By 2018, he had regained that weight.
So he decided to look into bariatric surgery.
He made an appointment with Jon Schram, MD, bariatric surgeon at Spectrum Health Bariatrics.
“It was March 15 of that year that I went in to see Dr. Schram,” Root said. “I was at 49.8 body mass index at that point and my insurance wouldn’t cover bariatric surgery at 50 BMI or over. So I just made it.”
Dr. Schram explained the options to Root, who soon settled on gastric sleeve surgery, or sleeve gastrectomy.
“About 80% of my patients choose sleeve surgery,” Dr. Schram said. “Sleeve surgery—rather than gastric bypass—is less disruptive to lifestyle and it’s easier to tolerate different foods.”
On average, patients who undergo gastric sleeve surgery can expect to lose 50 to 65% of their excess weight, Dr. Schram said.
“During sleeve surgery, which takes about 45 minutes, we remove approximately 80% of the stomach and create a new, tubular stomach that is about the size of a banana,” Dr. Schram said. “After surgery, usually patients can consume 1,000 to 1,200 calories per day. Success rates are high. We do thousands of these surgeries per year at Spectrum Health.”
Prior to surgery, Root participated in six months of classes to learn more about the procedure.
He also had a psychological evaluation to ensure he could undergo the drastic change in lifestyle.
“I also had monthly visits with a dietitian,” he said. “I started on a diet to show that I can lose weight. And I was down to 371 when I went in for surgery on Dec. 16, 2018.”
Root had surgery at Spectrum Health Zeeland Community Hospital, a short hop from home.
“Dr. Schram found that I had a small hernia, too, and he fixed that during surgery as well,” he said. “I was surprised how quickly I recovered. I stayed overnight in the hospital and left the next morning.”
For the first two weeks he kept to a liquid diet that included broth, protein shakes and yogurt.

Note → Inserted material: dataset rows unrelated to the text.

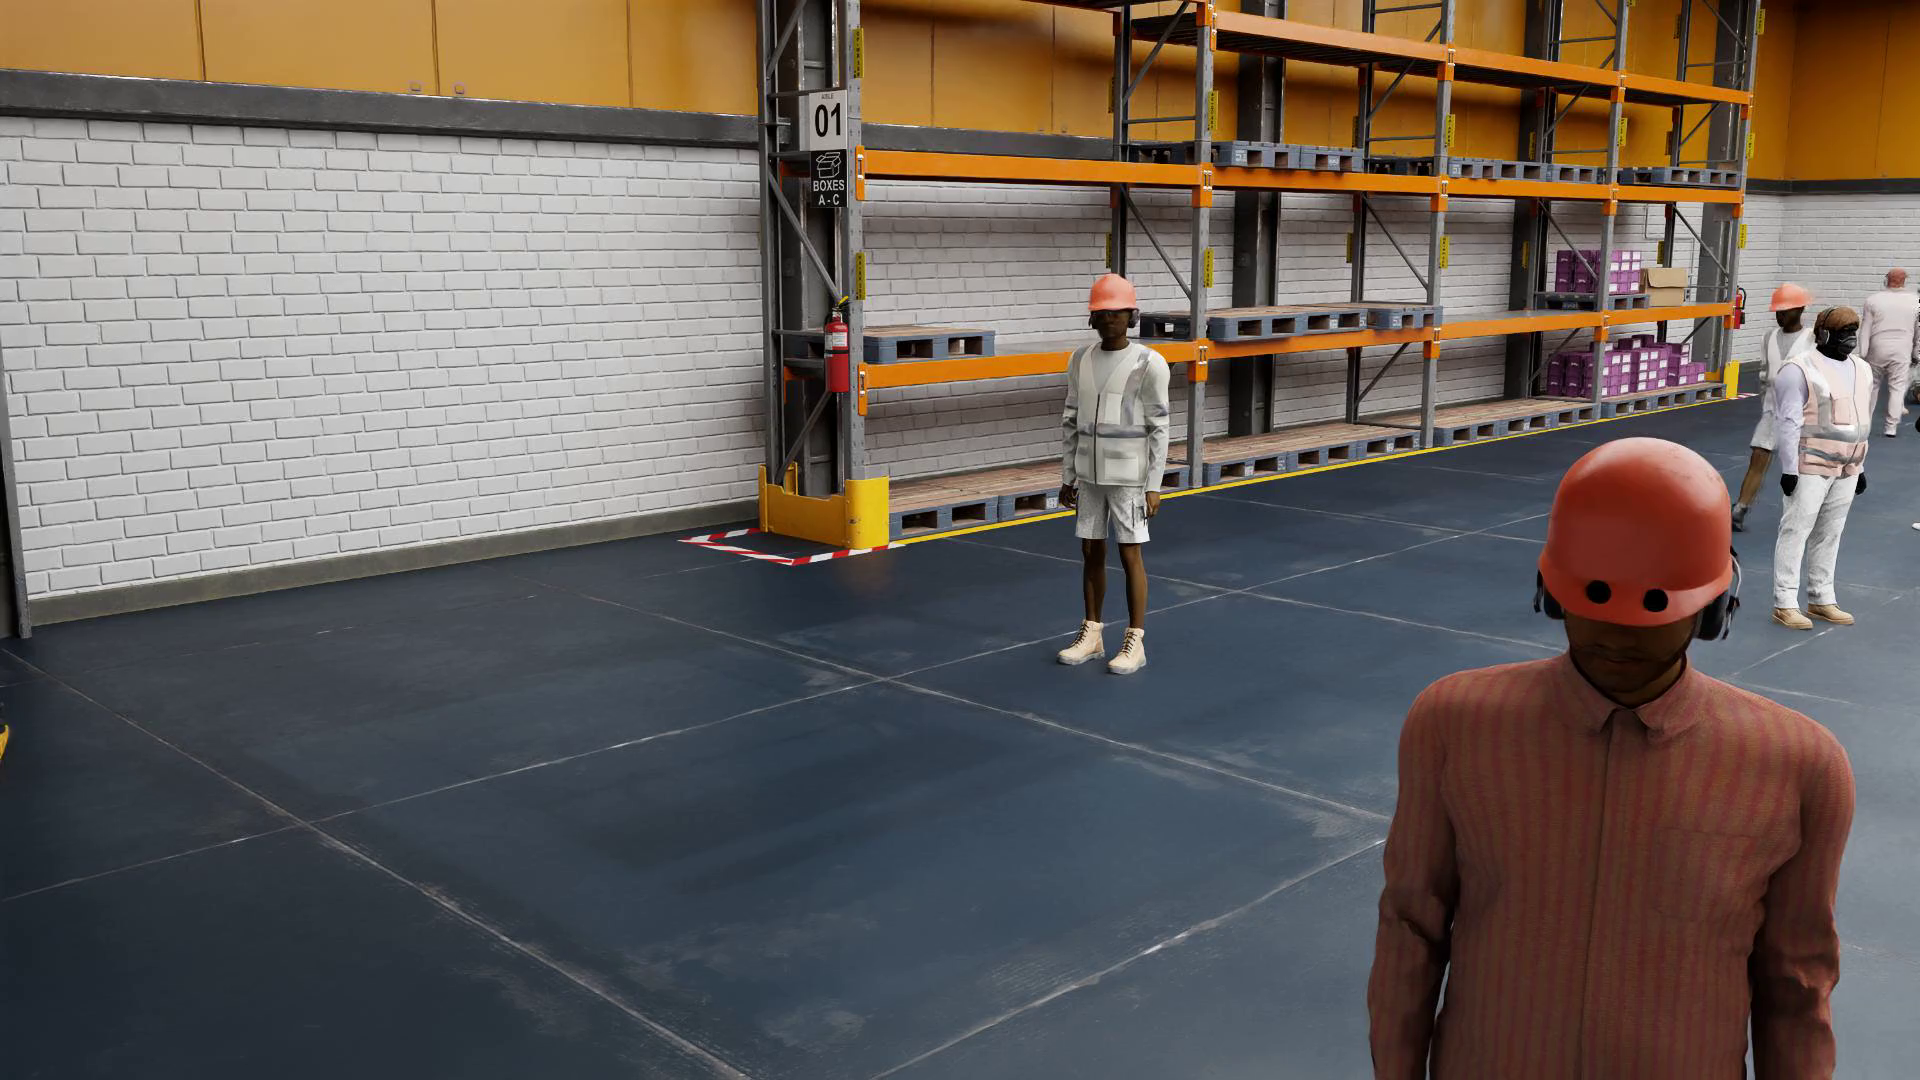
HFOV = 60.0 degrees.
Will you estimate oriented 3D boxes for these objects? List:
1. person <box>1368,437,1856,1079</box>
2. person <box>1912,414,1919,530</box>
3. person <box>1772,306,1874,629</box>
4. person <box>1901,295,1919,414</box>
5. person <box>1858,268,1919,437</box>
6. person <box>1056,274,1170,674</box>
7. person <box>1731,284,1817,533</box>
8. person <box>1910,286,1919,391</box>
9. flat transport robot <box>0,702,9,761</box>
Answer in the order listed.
[{"bbox_3d":[0.873,0.839,2.322,0.611,1.985,0.393,4,11,19],"label":"person"},{"bbox_3d":[7.500,-1.002,12.527,0.594,1.922,0.385,-1,10,-4],"label":"person"},{"bbox_3d":[4.961,-0.413,9.543,0.627,1.844,0.429,-4,11,-21],"label":"person"},{"bbox_3d":[12.074,-2.428,20.690,0.638,1.798,0.983,-3,11,-15],"label":"person"},{"bbox_3d":[10.486,-2.121,18.795,0.671,1.863,0.958,4,11,20],"label":"person"},{"bbox_3d":[0.765,-0.333,8.548,0.615,2.043,0.372,8,13,38],"label":"person"},{"bbox_3d":[6.167,-0.970,12.472,1.037,1.869,0.561,-7,12,-33],"label":"person"},{"bbox_3d":[13.938,-3.061,23.944,0.386,1.853,0.553,-4,11,-22],"label":"person"},{"bbox_3d":[-4.705,0.888,6.732,1.431,0.197,0.652,-5,11,-25],"label":"flat transport robot"}]

“I didn’t feel hungry at all,” he said. “In the first three months, I lost 80 pounds. The pounds just melted off.”
His diet tends to place less emphasis on food choice and more on portion control. The smaller, the better.
“The dietitian told me to get 60 grams of protein every day,” he said. “And I drink four to six 8-ounce cups of water per day.”

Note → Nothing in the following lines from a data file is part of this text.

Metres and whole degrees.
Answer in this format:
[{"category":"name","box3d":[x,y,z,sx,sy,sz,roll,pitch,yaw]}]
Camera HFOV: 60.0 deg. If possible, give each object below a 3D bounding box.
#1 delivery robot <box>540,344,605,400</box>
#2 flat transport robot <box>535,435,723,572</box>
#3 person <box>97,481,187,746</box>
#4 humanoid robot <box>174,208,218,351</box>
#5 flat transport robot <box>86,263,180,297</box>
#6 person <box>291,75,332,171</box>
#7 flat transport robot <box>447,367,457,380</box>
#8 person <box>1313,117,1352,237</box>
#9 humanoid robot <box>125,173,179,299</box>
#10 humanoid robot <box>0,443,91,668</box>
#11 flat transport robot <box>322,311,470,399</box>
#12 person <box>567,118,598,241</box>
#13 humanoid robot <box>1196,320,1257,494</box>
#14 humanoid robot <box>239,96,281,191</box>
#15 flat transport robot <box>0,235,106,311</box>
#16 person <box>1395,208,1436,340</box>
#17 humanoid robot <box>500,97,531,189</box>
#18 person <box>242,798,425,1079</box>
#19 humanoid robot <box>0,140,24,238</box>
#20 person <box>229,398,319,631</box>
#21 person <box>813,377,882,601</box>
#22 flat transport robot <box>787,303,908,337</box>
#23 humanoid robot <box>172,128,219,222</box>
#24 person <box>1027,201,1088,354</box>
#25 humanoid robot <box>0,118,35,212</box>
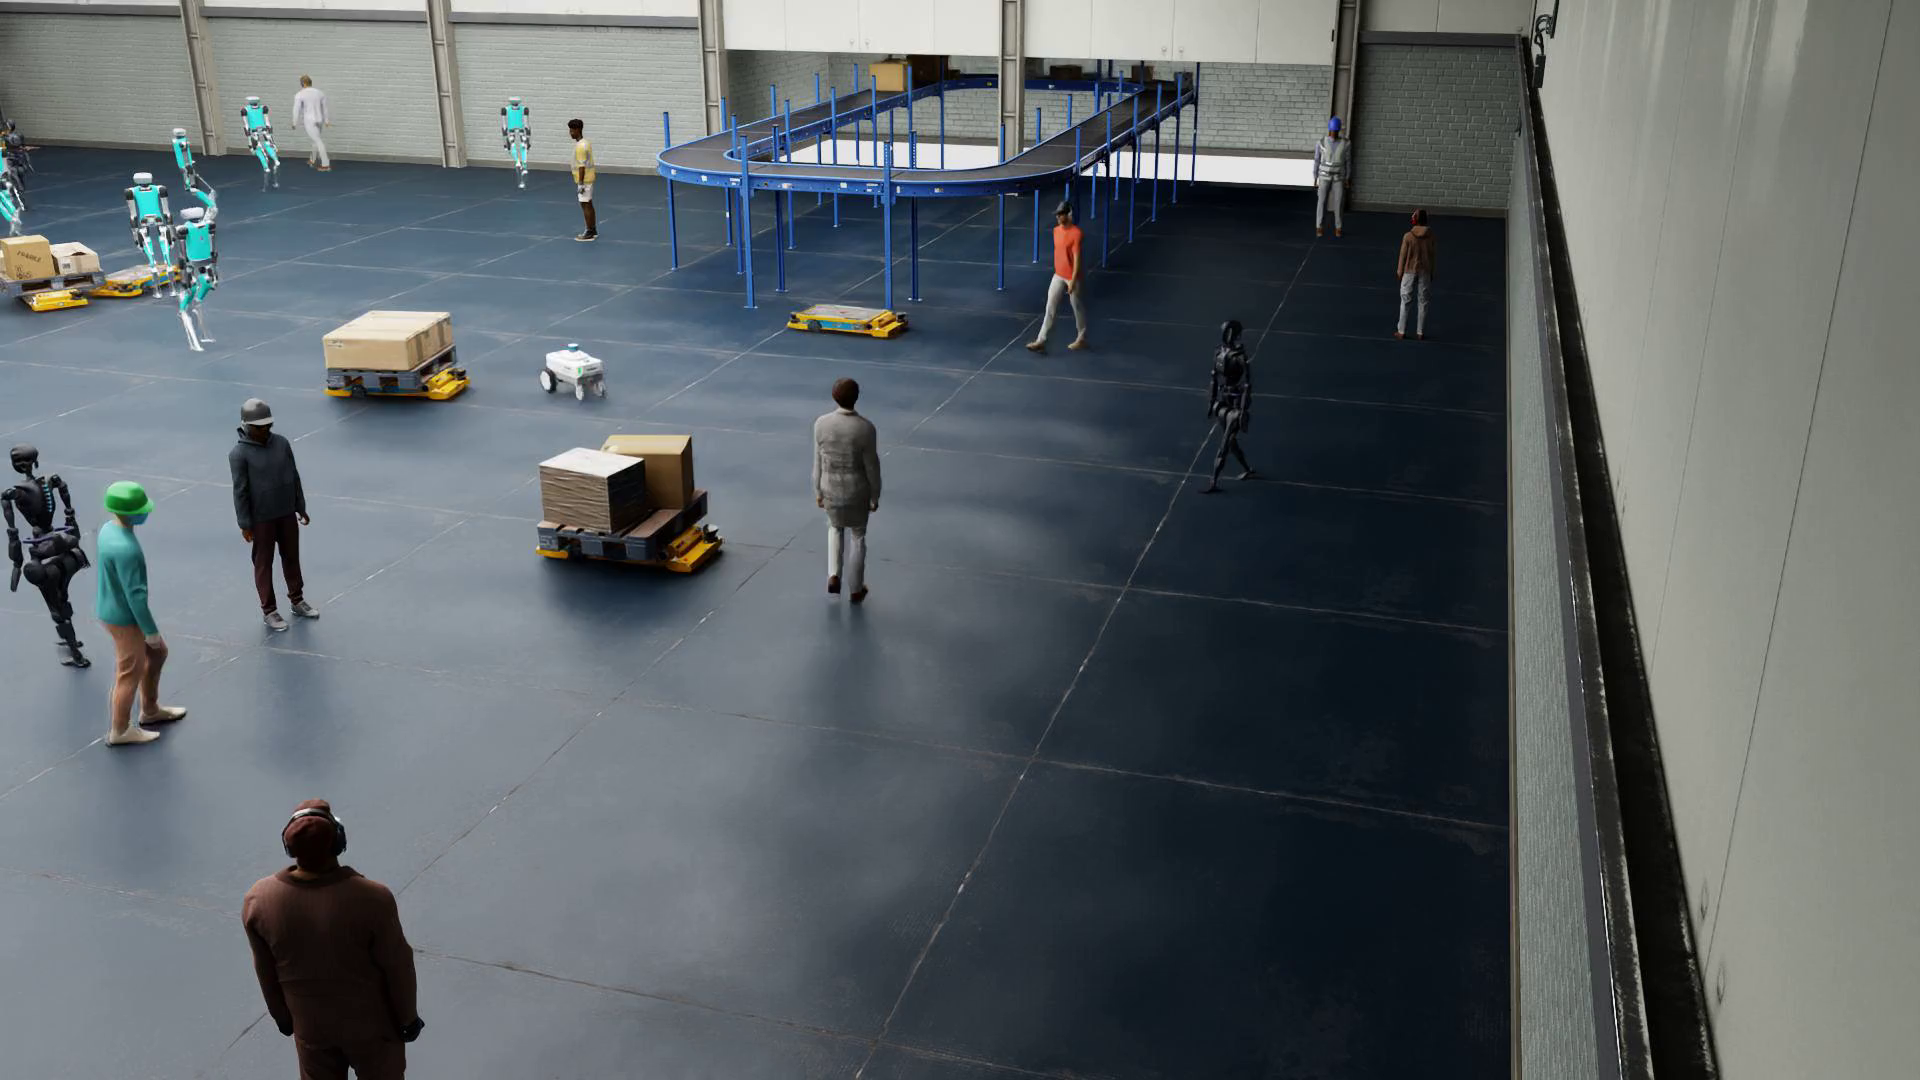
[{"category":"delivery robot","box3d":[-4.340,-1.911,18.727,0.787,0.587,0.499,20,28,41]},{"category":"flat transport robot","box3d":[-2.815,0.015,14.139,1.431,0.231,0.659,6,22,15]},{"category":"person","box3d":[-5.362,0.483,10.760,0.600,1.827,0.529,-11,24,-27]},{"category":"humanoid robot","box3d":[-9.518,-3.216,20.513,0.799,1.794,0.531,10,23,25]},{"category":"flat transport robot","box3d":[-11.762,-3.726,23.841,0.659,0.231,1.431,4,21,10]},{"category":"person","box3d":[-13.313,-8.541,34.081,1.018,1.873,0.657,14,25,32]},{"category":"flat transport robot","box3d":[-6.383,-1.967,19.280,0.659,0.231,1.431,-17,27,-36]},{"category":"person","box3d":[6.109,-5.961,27.328,0.619,1.932,0.415,3,21,7]},{"category":"humanoid robot","box3d":[-10.947,-4.104,22.596,0.533,1.677,0.735,-10,23,-24]},{"category":"humanoid robot","box3d":[-6.566,0.110,11.943,0.499,1.642,0.610,8,22,19]},{"category":"flat transport robot","box3d":[-6.357,-1.777,18.786,1.431,0.231,0.659,2,21,5]},{"category":"person","box3d":[-6.115,-5.848,27.001,0.377,1.958,0.603,-2,21,-4]},{"category":"humanoid robot","box3d":[2.559,-1.268,15.579,0.771,1.634,0.616,-11,24,-26]},{"category":"humanoid robot","box3d":[-13.162,-7.468,31.550,0.806,1.803,0.530,17,27,38]},{"category":"flat transport robot","box3d":[-12.594,-3.433,23.083,0.659,0.231,1.431,-16,26,-36]},{"category":"person","box3d":[5.736,-3.333,20.908,0.463,1.648,0.326,1,21,2]},{"category":"humanoid robot","box3d":[-8.347,-7.481,31.512,0.557,1.731,0.969,-11,23,-25]},{"category":"person","box3d":[-2.543,1.930,6.893,0.640,1.913,0.411,1,21,2]},{"category":"humanoid robot","box3d":[-15.050,-5.446,26.385,0.809,1.847,0.558,9,23,22]},{"category":"person","box3d":[-5.208,-0.208,12.582,0.377,1.808,0.543,15,26,34]},{"category":"person","box3d":[-0.870,-0.385,13.030,0.550,1.814,0.420,4,21,9]},{"category":"flat transport robot","box3d":[-1.460,-2.844,21.555,1.431,0.231,0.659,8,23,20]},{"category":"humanoid robot","box3d":[-12.514,-5.913,27.409,0.676,1.744,0.535,-14,25,-33]},{"category":"person","box3d":[1.248,-3.177,20.203,0.983,1.855,0.501,-19,28,-40]},{"category":"humanoid robot","box3d":[-16.866,-6.675,29.573,0.697,1.633,0.589,7,22,17]}]

He admits he’s still not great about eating vegetables—he’s working on that—but he enjoys lean meats to keep up his protein intake, including seafood, filets of beef and poultry.

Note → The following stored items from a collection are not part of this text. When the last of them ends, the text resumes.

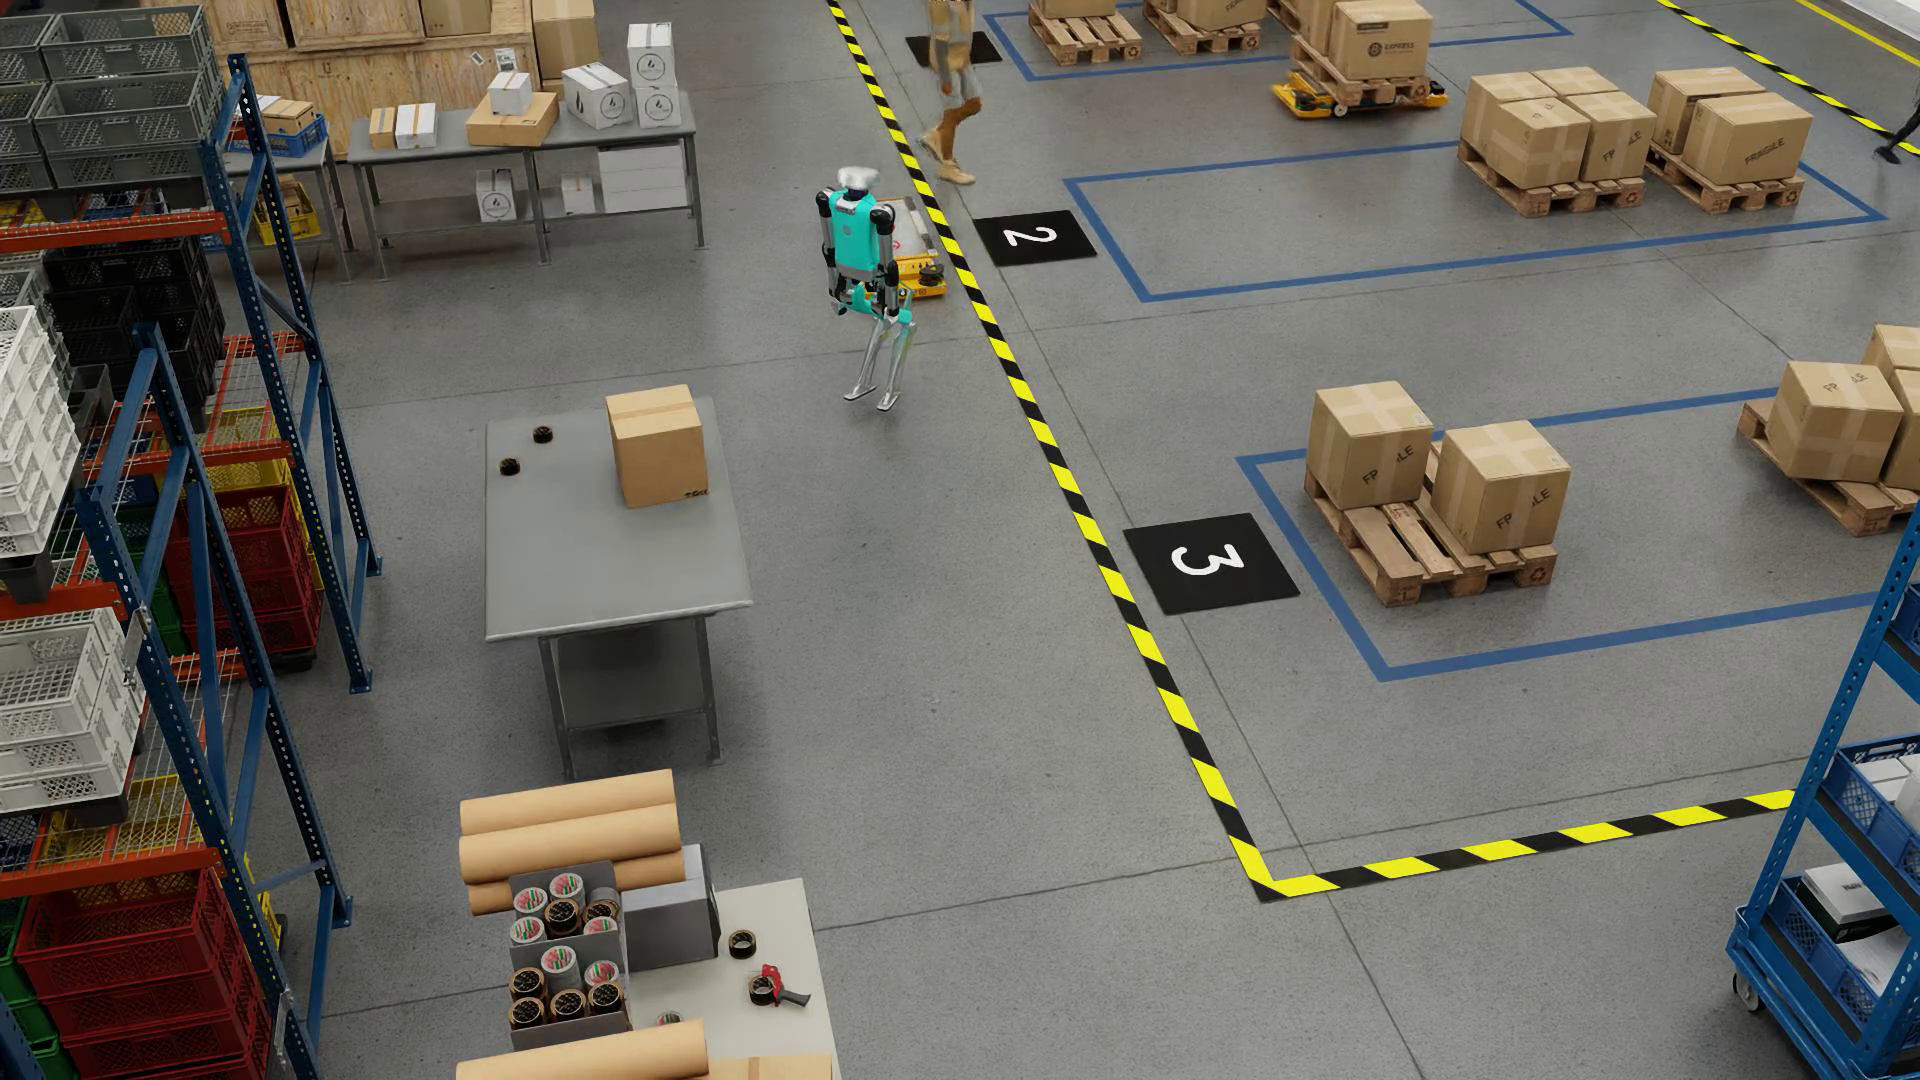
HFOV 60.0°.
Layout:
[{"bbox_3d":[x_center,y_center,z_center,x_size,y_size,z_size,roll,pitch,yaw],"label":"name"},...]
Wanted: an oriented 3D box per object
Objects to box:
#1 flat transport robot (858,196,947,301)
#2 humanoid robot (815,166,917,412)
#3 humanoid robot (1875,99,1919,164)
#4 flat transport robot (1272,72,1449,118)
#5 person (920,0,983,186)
[{"bbox_3d":[-0.570,-2.220,12.538,0.659,0.231,1.431,-8,37,-10],"label":"flat transport robot"},{"bbox_3d":[-0.495,-1.629,10.397,0.533,1.681,0.735,21,41,26],"label":"humanoid robot"},{"bbox_3d":[8.028,-3.738,13.436,0.613,1.621,0.784,-15,39,-19],"label":"humanoid robot"},{"bbox_3d":[3.616,-4.079,15.013,1.431,0.197,0.652,-8,37,-10],"label":"flat transport robot"},{"bbox_3d":[-0.064,-3.808,13.202,0.488,2.029,0.614,16,40,21],"label":"person"}]

To maintain his calorie count and his nutritional needs—with a focus on protein—he uses the My Fitness Pal app on his cell phone to track his daily intake.
“My dietitian suggested that before surgery,” he said. “And I liked it so well that I kept using it after. Eventually, the weight didn’t come off as fast as in those first months, but I’m down to 270 pounds now. That’s a loss of 120 pounds in 13 months!”
His goal: 220 pounds.
When traveling for business, Root now often asks for the kids menu at restaurants.
He ignores the raised eyebrows.
At home, his wife, Elizabeth, who favors a vegetarian diet, cooks for him. She lovingly nudges him with an, “I told you so!”
“You should have done this a long time ago,” she says.
Root has taken up sports again, playing basketball, biking and swimming.
He no longer uses a continuous positive airway pressure machine for his sleep apnea, a condition that has since disappeared.
“You know, I’m also a tenor saxophone player,” he said. “A group of us gives performances around the state, maybe 40 or so per year. That’s easier now, too, including the marching in parades with the band.”
And yes, Root agrees with his wife.
“I’ll admit, I was a bit skeptical at first,” he said. “But now I would say I wish I had done this 15 or 20 years ago.”
It’s not cheating—it’s just another tool for weight loss, he said.
“It can be a huge adjustment for the body, but in the long run it’s easier than you think,” he said.